Zimmer Biomet's robotic surgical system ROSA One Brain application gains FDA clearance

Zimmer Biomet announced Monday that its next-generation robotic surgical navigation and positioning system, dubbed the ROSA One Brain application, received FDA clearance for use in neurosurgical procedures. The company noted that the platform, which builds upon the ROSA Brain application with enhanced performance and usability, was designed to be expandable into other specialties, with a spine application pending clearance.

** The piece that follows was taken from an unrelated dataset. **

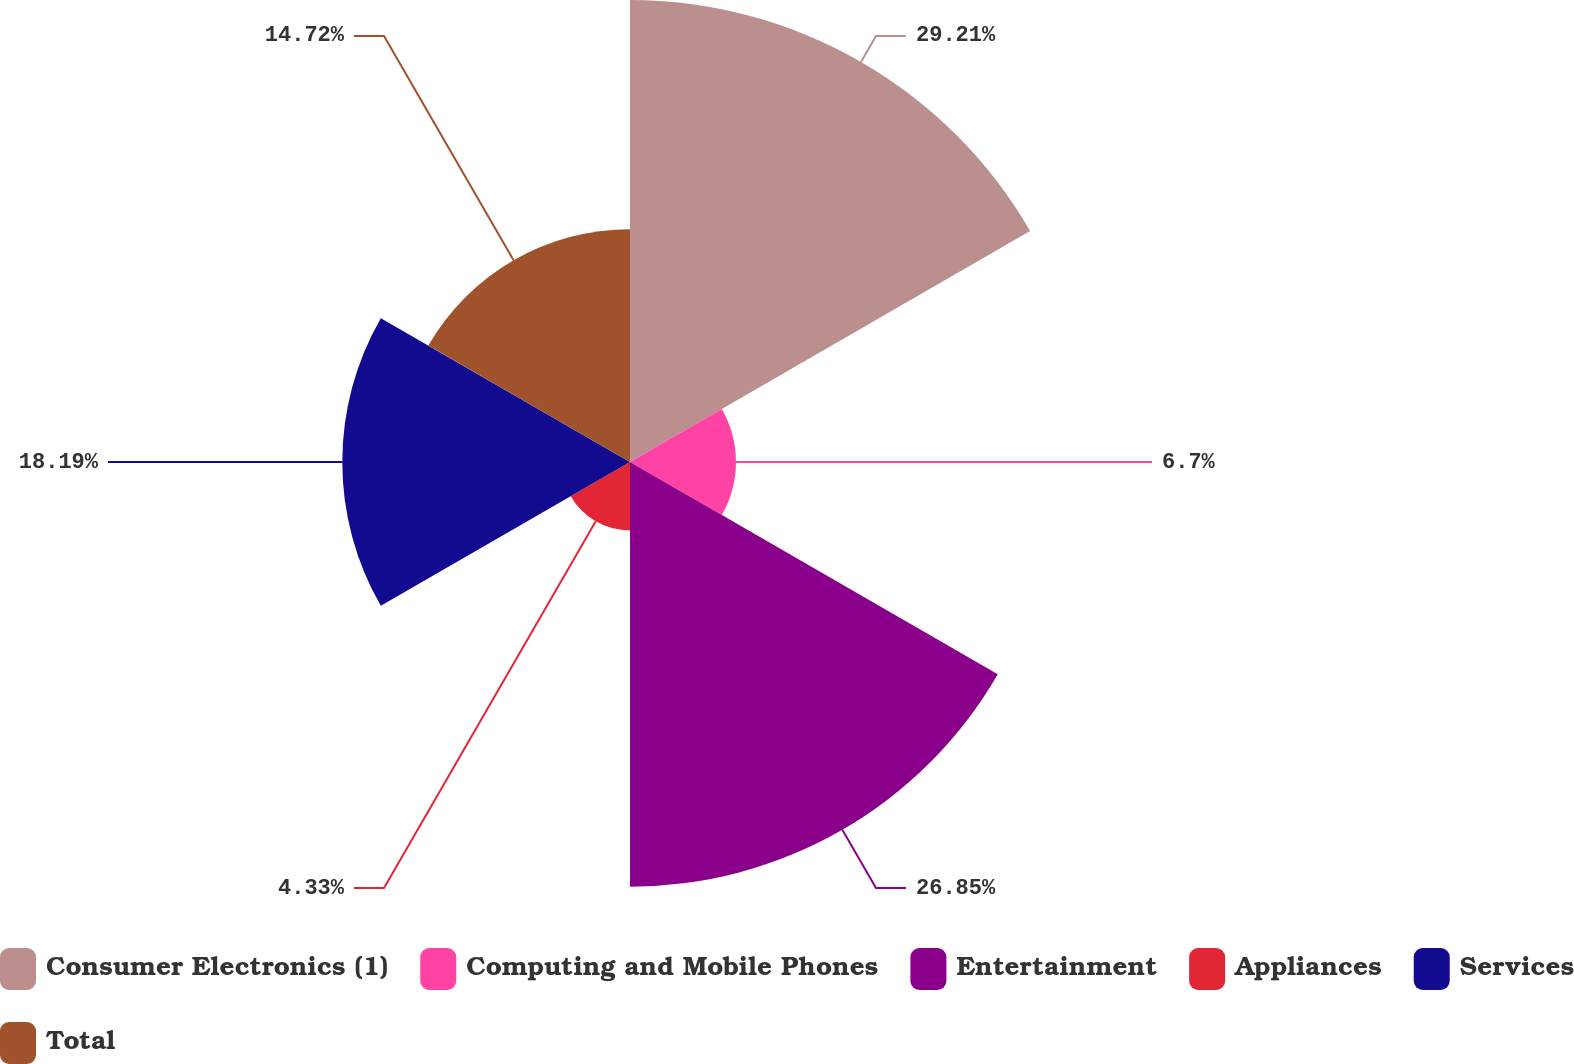<chart> <loc_0><loc_0><loc_500><loc_500><pie_chart><fcel>Consumer Electronics (1)<fcel>Computing and Mobile Phones<fcel>Entertainment<fcel>Appliances<fcel>Services<fcel>Total<nl><fcel>29.21%<fcel>6.7%<fcel>26.85%<fcel>4.33%<fcel>18.19%<fcel>14.72%<nl></chart>

According to Zimmer Biomet, a single robot that is able to perform both brain and spine surgery will "significantly advance" the company's position in the robotic surgical space. Specifically, Zimmer Biomet said that the ROSA One Brain application can be used to assist in minimally invasive neurosurgery procedures, such as biopsies and deep brain stimulation, and the "ROSA One Spine application is expected to bring these same robotic advantages to thoracolumbar spine surgery, assisting in the accurate and reproducible placement of surgical instruments in spinal procedures."

Zimmer Biomet gained the ROSA Brain application through its acquisition of surgical robot company Medtech in 2016. Meanwhile, last month, the FDA granted 510(k) clearance for the ROSA Knee system for robotically-assisted total knee replacement surgeries.

A number of traditional medical technology companies have been moving into the robotic surgery space, with Medtronic buying Mazor Robotics last year for $1.7-billion. More recently, sources suggested that Johnson & Johnson is looking to buy Auris Health in an effort to add surgical robotic technology to its portfolio, and is willing to pay a premium to the latter's $2-billion valuation from its latest round of funding.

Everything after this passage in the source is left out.